====== EXTRACTED DATA ======

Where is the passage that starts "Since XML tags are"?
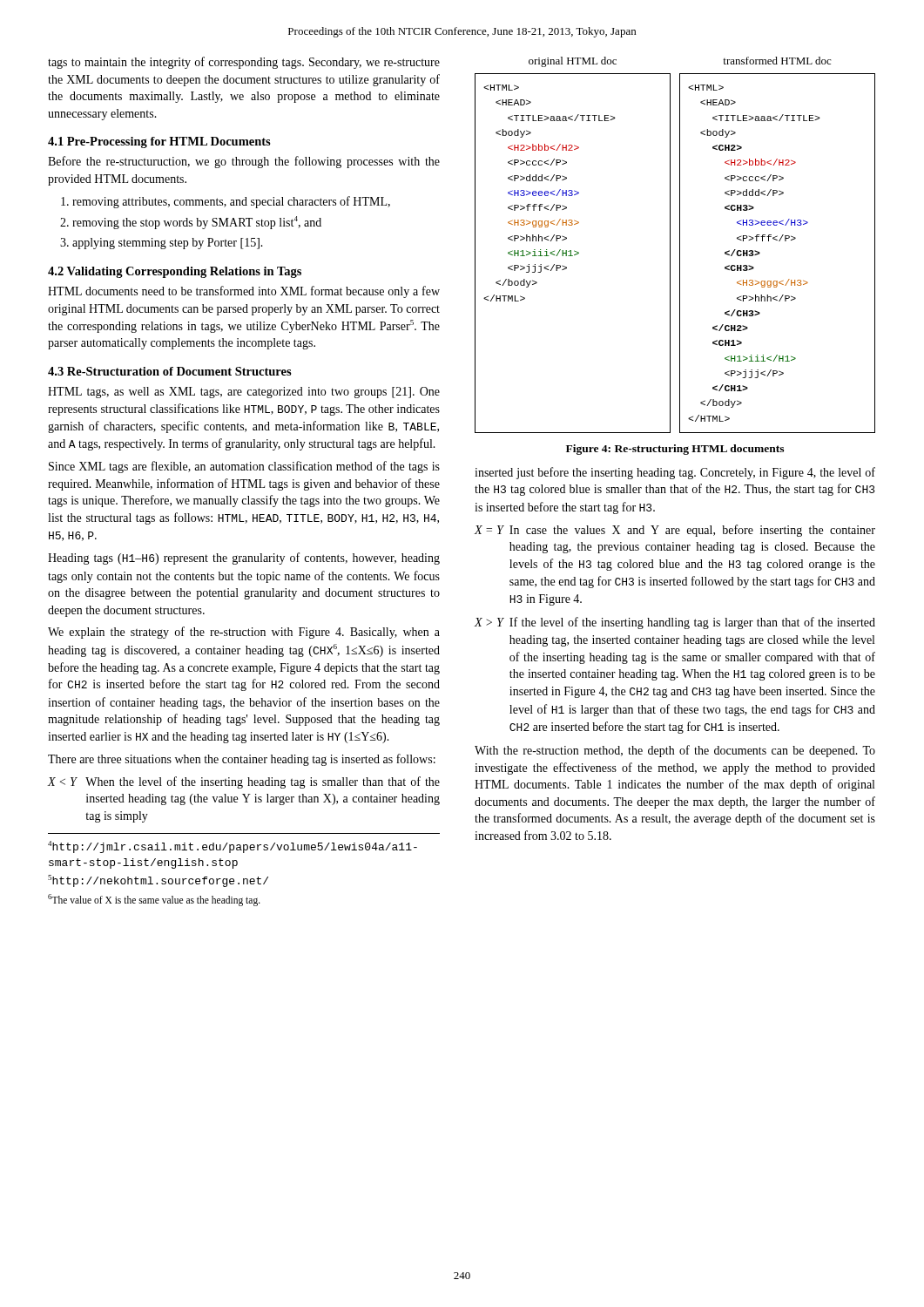This screenshot has height=1307, width=924. (x=244, y=502)

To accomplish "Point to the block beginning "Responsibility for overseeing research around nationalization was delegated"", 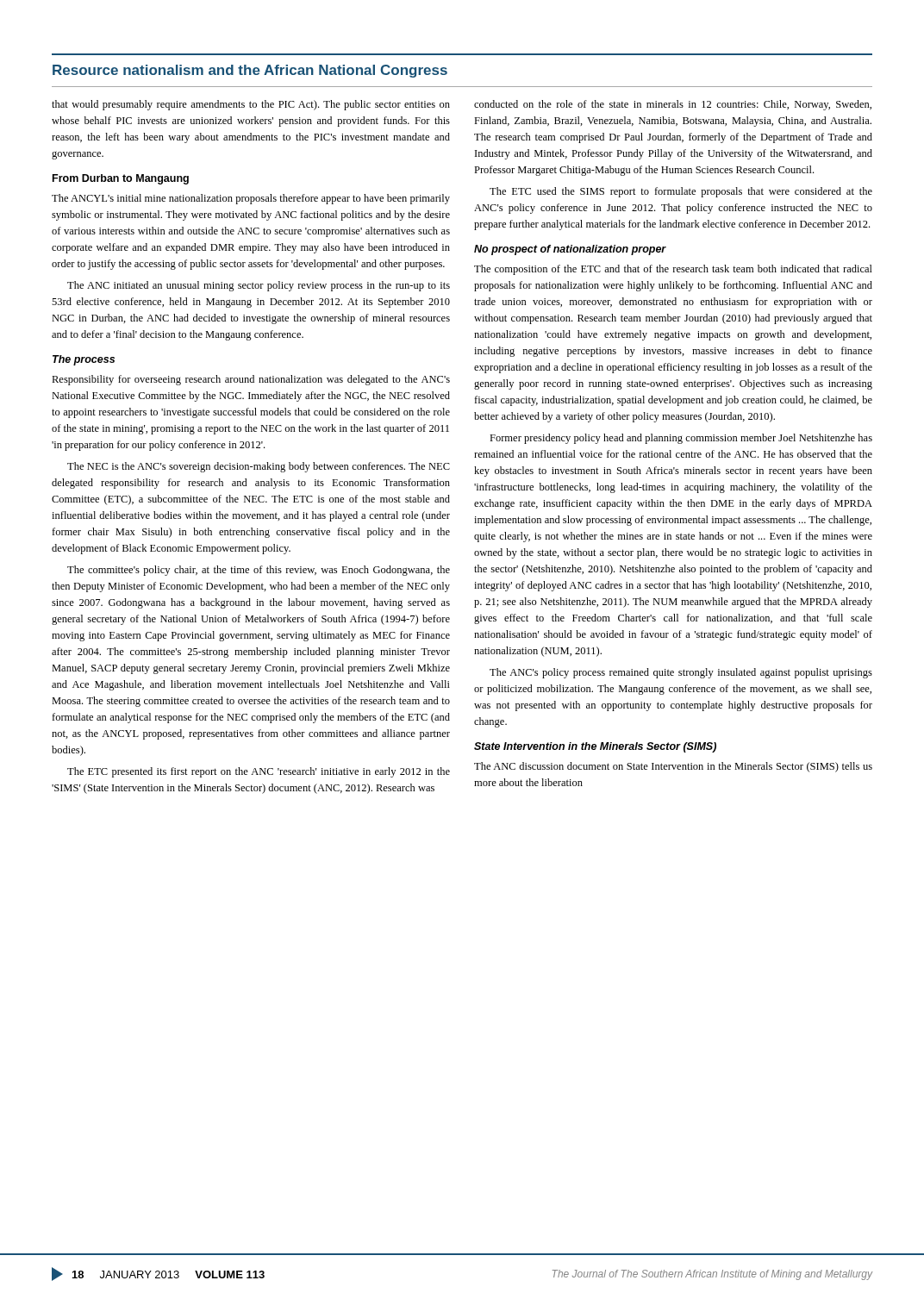I will (251, 584).
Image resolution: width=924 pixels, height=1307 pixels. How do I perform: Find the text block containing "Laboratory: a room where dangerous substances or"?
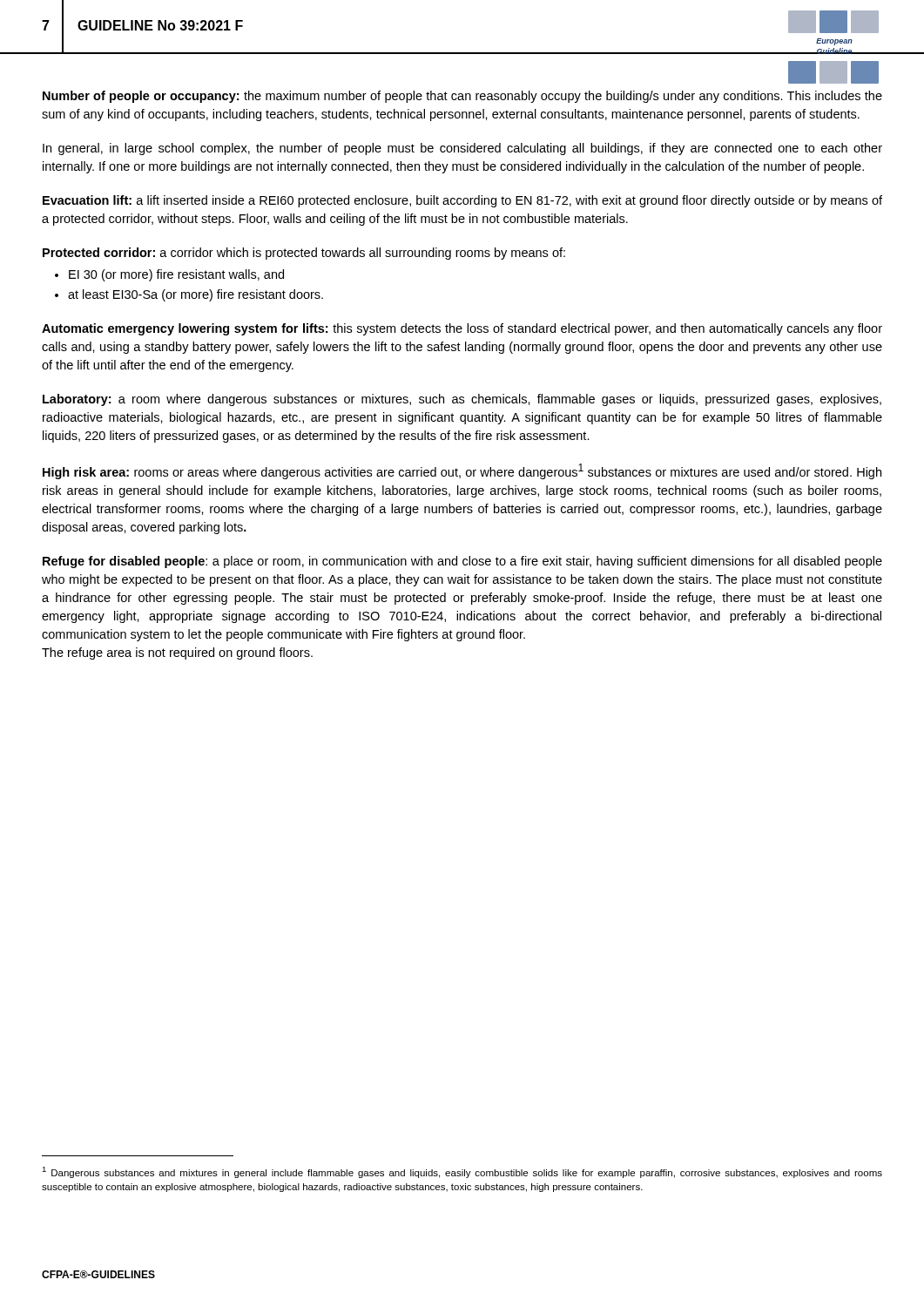462,418
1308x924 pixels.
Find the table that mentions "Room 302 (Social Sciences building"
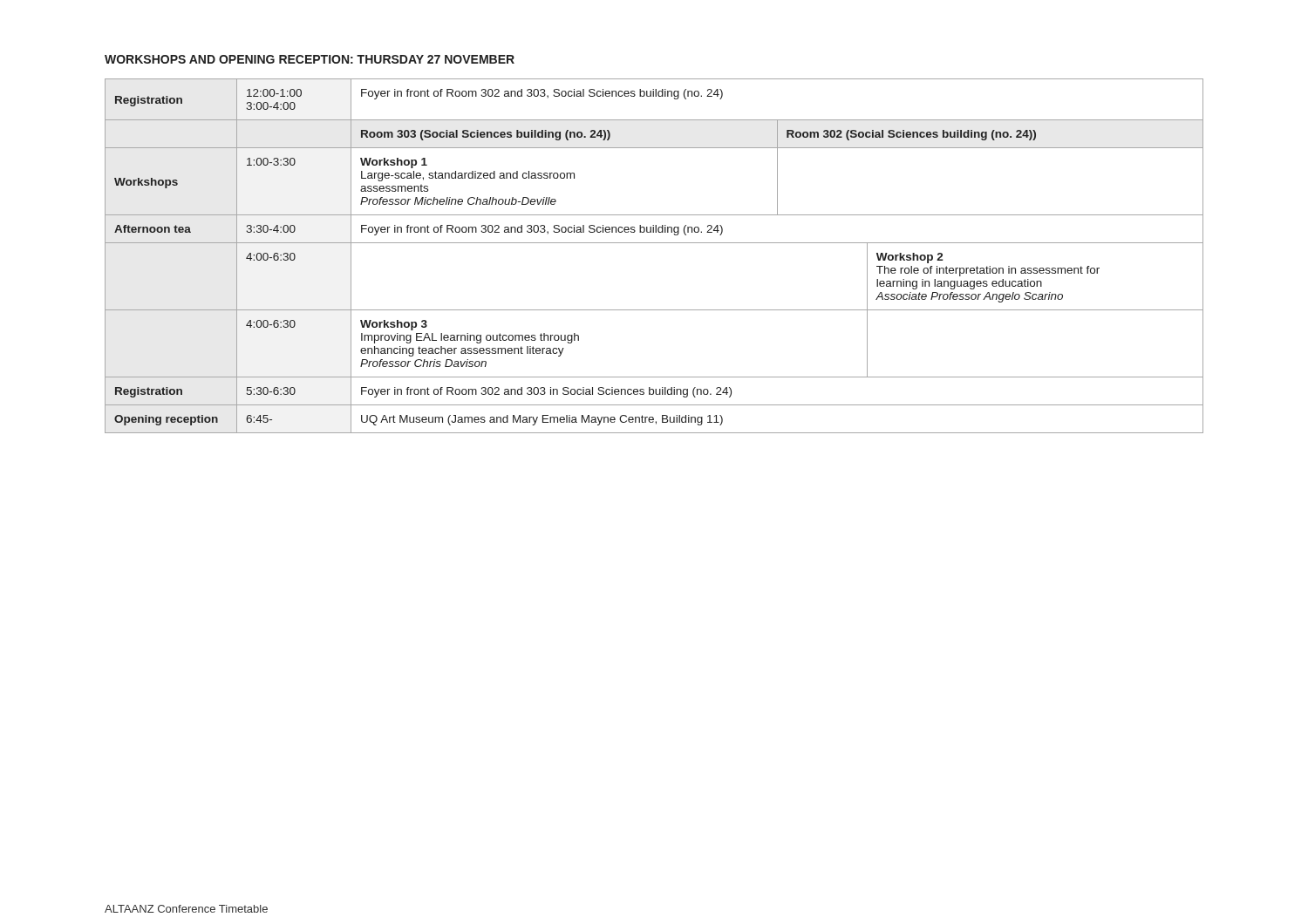pos(654,256)
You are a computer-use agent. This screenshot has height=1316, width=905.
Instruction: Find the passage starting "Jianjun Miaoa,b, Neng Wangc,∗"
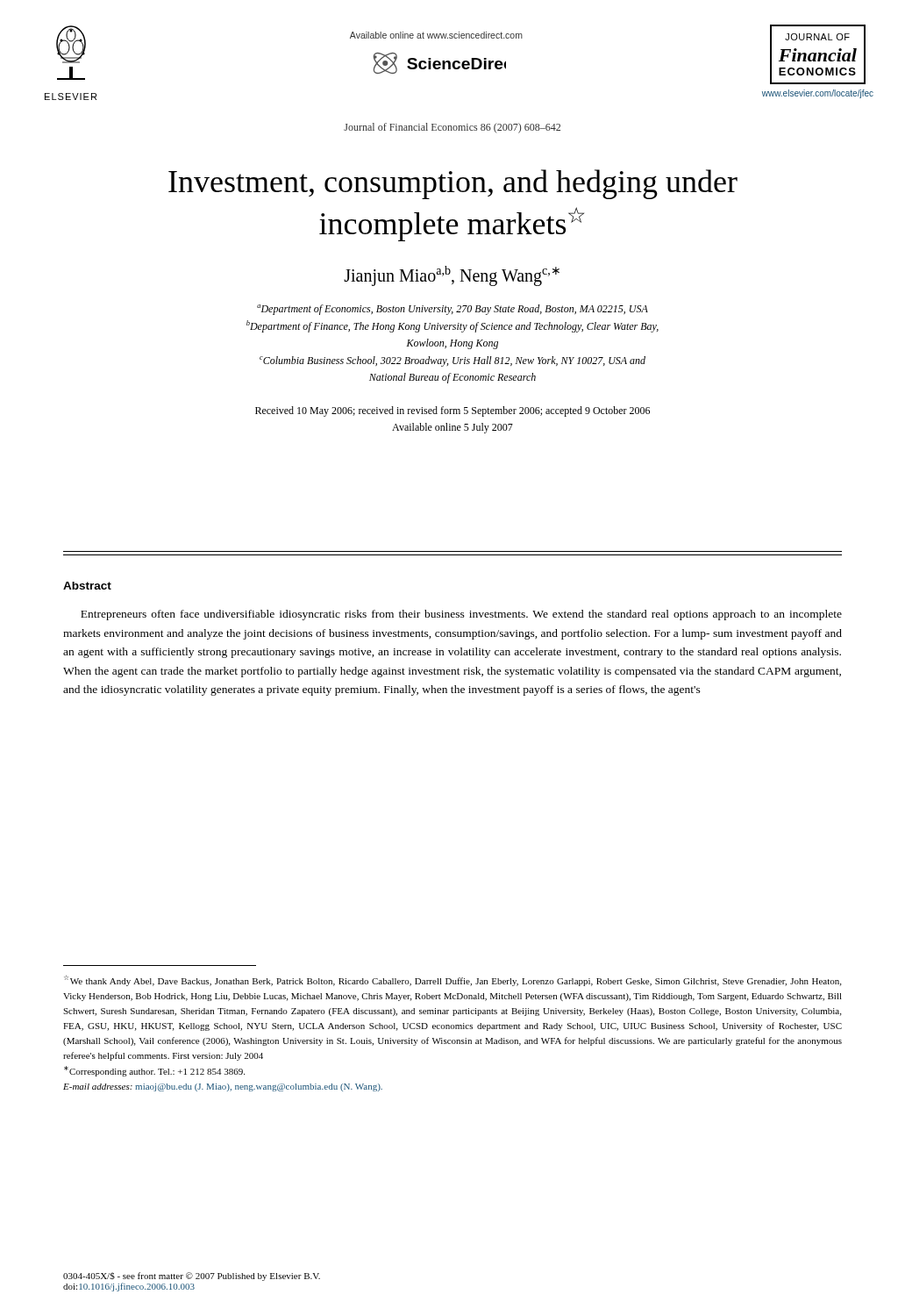(452, 274)

======

### WORK ORDER
Set down exactly the lines of the entries above from the one holding "Image resolution: width=924" through the last one, including both, with the pictures left out.

### SOLUTION
Image resolution: width=924 pixels, height=1307 pixels. How do I perform: Find the text block containing "Laboratory: a room where dangerous substances or"?
462,418
1308x924 pixels.
Find the table that mentions "Room 302 (Social Sciences building"
pos(654,256)
You are a computer-use agent. This screenshot has height=1316, width=905.
Instruction: Find the passage starting "Jianjun Miaoa,b, Neng Wangc,∗"
(452, 274)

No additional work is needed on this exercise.